1.     Cities and states step up on Climate Change as central governments step down

In its last act as part of the UN Paris Climate Change Agreement, the US led other polluters in blocking more ambitious voluntary climate change goals. The US is slated to exit the Paris agreement in November 2020 and will assuredly do so if President Trump is reelected. China, Brazil, Australia, and India were among the participants in Madrid with objections to more aggressive goals.

Meanwhile, cities (such as Sydney), US states (such as California), and other localities worldwide stepped up their commitments to combat the effects of climate change.
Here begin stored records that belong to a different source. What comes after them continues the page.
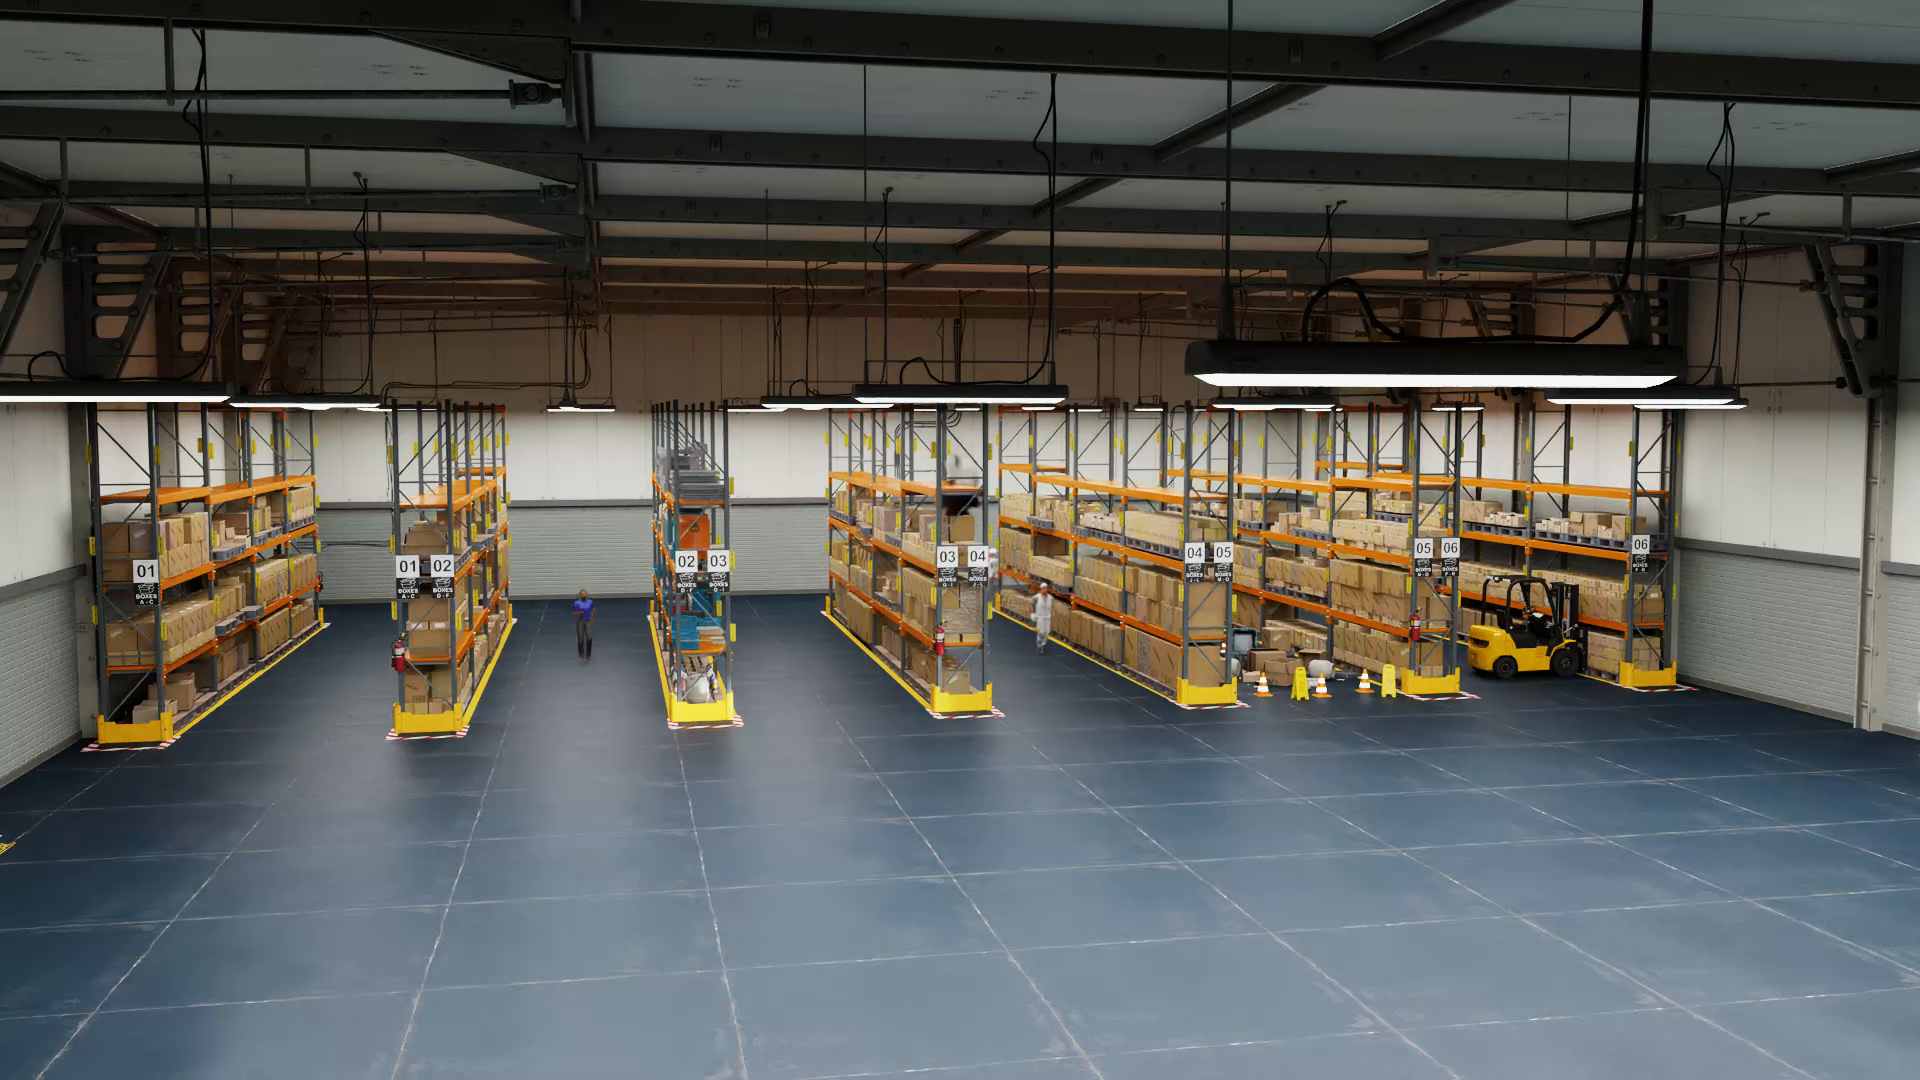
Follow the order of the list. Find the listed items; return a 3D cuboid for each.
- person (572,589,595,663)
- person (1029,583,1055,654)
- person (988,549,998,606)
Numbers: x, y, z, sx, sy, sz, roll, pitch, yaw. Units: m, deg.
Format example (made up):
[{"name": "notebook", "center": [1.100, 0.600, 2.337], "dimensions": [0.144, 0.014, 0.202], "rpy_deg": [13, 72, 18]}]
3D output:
[{"name": "person", "center": [-8.708, 1.996, 38.553], "dimensions": [0.556, 1.714, 0.714], "rpy_deg": [-2, 5, -21]}, {"name": "person", "center": [1.989, 1.870, 39.531], "dimensions": [0.589, 1.726, 0.728], "rpy_deg": [-1, 5, -17]}, {"name": "person", "center": [0.928, 1.123, 49.707], "dimensions": [0.537, 1.741, 0.691], "rpy_deg": [-1, 4, -13]}]

Why this is important: These agreements though lofty and making for good press, are voluntary. The Paris Agreement is not the first such agreement to fall short in terms of needed aggressiveness as well as wholehearted participation. The Kyoto protocol (1997, effective 2005, ended 2012) had good intentions too, and we all know what road is paved with good intentions.   The worst effects of climate change are closer than ever, and the effects being felt now are expensive and harsh.
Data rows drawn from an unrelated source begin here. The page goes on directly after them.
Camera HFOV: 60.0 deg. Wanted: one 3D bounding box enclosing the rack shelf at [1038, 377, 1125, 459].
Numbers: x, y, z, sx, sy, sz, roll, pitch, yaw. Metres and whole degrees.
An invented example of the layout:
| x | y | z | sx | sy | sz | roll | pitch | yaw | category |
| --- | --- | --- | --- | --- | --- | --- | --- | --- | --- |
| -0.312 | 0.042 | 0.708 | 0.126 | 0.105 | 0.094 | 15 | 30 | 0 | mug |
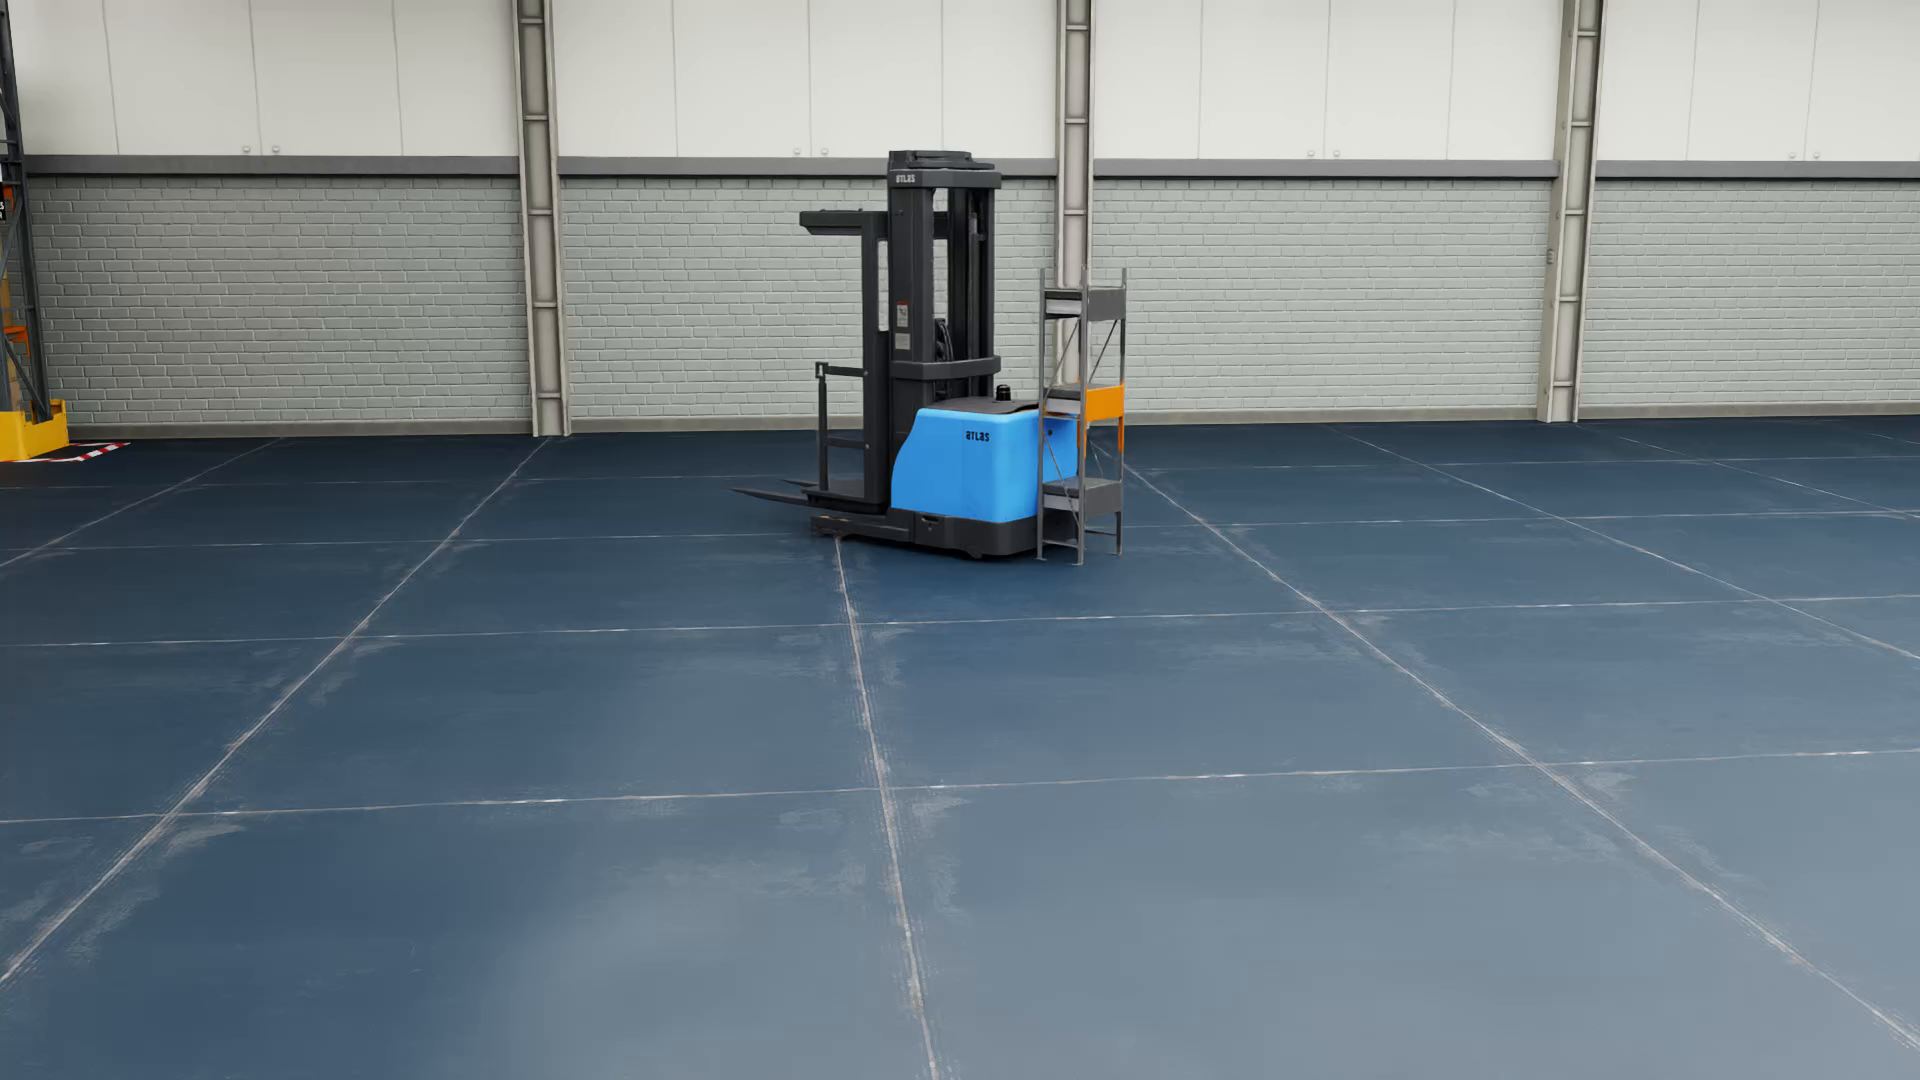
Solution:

Climate change is the story of the decade and is frankly, a necessary topic for any top ten list of major stories of the year, or, again, the decade. All the other stories, trade wars, patent lawsuits, consolidation, low prices for components are meaningless in the face of the disaster that is climate change. The other stories are industry soap operas. Climate change is an accelerating disaster.

So, as you peruse the annual top ten lists, if the topic of climate change does not appear, the list is incomplete.